All jokes aside, this general concept doesn’t seem too far away, considering the existence of smart home technologies like Nest, a thermostat that learns what temperatures you like, and self-adjusts when you come and go. Nor does the reading of Tweets in one’s own voice: Cepstral recently created a custom pro bono TTS voice for a blind teenager based on audio recordings he did in his bedroom, proving you don’t need professional-quality recordings to get a passably decent result. CereProc (SARAH-Prock), a 12-person Edinburgh-based TTS firm that created a voice for the late film critic Roger Ebert after he lost his larynx from oral cancer, plans to launch a personal voice cloning product soon. Then all that needs to happen is that your TTS reader be able to channel the other peoples’ voices.

it would be nice if voice systems like Siri understood the users’ emotional state and reacted accordingly

But even if vanity voices don’t take off (a lot of people really hate the sound of their own voice, after all,) there still remains the promise of creating better synthetic voices that allow us to have a more fulfilling relationship with technology.

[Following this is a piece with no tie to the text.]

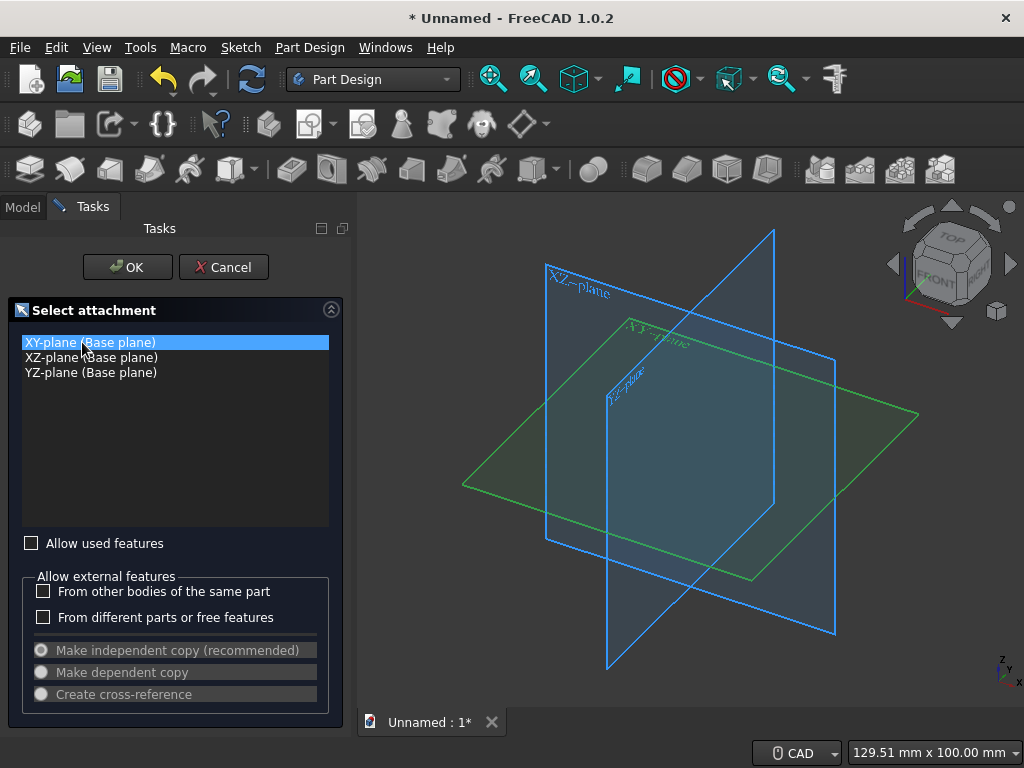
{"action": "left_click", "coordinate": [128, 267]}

“Siri is incredibly easy to understand, but where we still need to break through a barrier is having Siri convey the emotional and social characteristics that are so important in regular speech,” says Benjamin Munson, a professor of speech, language, and hearing science at the University of Minnesota. At a bare minimum, he says, it would be nice if voice systems like Siri understood the users’ emotional state and reacted accordingly, the way a human attendant may adopt a soothing voice to deal with an enraged customer, for instance. Synthesizing so-called “paralinguistics,” that is, the social cues we communicate through language, is difficult, says Munson, but notes that academic researchers are beginning to study it.

“When I got into this industry, most of the speech synthesis market was for [automated voice mail systems], and the idea of producing a voice that could really communicate a sense of emotion and identity wasn’t important,” says Matthew Aylett, Chief Scientific Officer at CereProc. “After all, you don’t want the bank to read your balance in a sad voice if you’ve not got much money.”

But now that synthetic voices are reading blog posts and even entire Kindle books, carrying on conversations about scheduling, and telling you how to get to grandma’s house, it’s time, says Aylett, to shift out of neutral.

“R2D2 from Star Wars was always my favorite robot,” says Aylett. “He still sounded like a robot, but had great character, emotion, and sarcasm. We try to produce voices with a sense of character.”

Still stuck on the talking roach spray chair, chatting cars, and the idea of having my Twitter feed read to me in a chorus of friends’ voices, I asked Wayment from Cepstral, how important increased artificial intelligence would be for future TTS applications. He told me “very,” but then said: “but not in the way you might think.”

Recently, said Wayment, he spoke with a visually impaired customer who said: Do you know how hard it is to use a microwave? When they’re all different and have different displays? Which led Wayment to imagine a world full of talking microwaves. He paused, then said seriously: “I think the day is coming where even little devices are speaking, but we run the risk of just filling our lives with noise. It’s not going to be enough to have devices talking, they’re going to have to tell us things we need and want to know. They’ll have to have insight.”

And if they don’t, I see a new business opportunity: the synthesis of silence.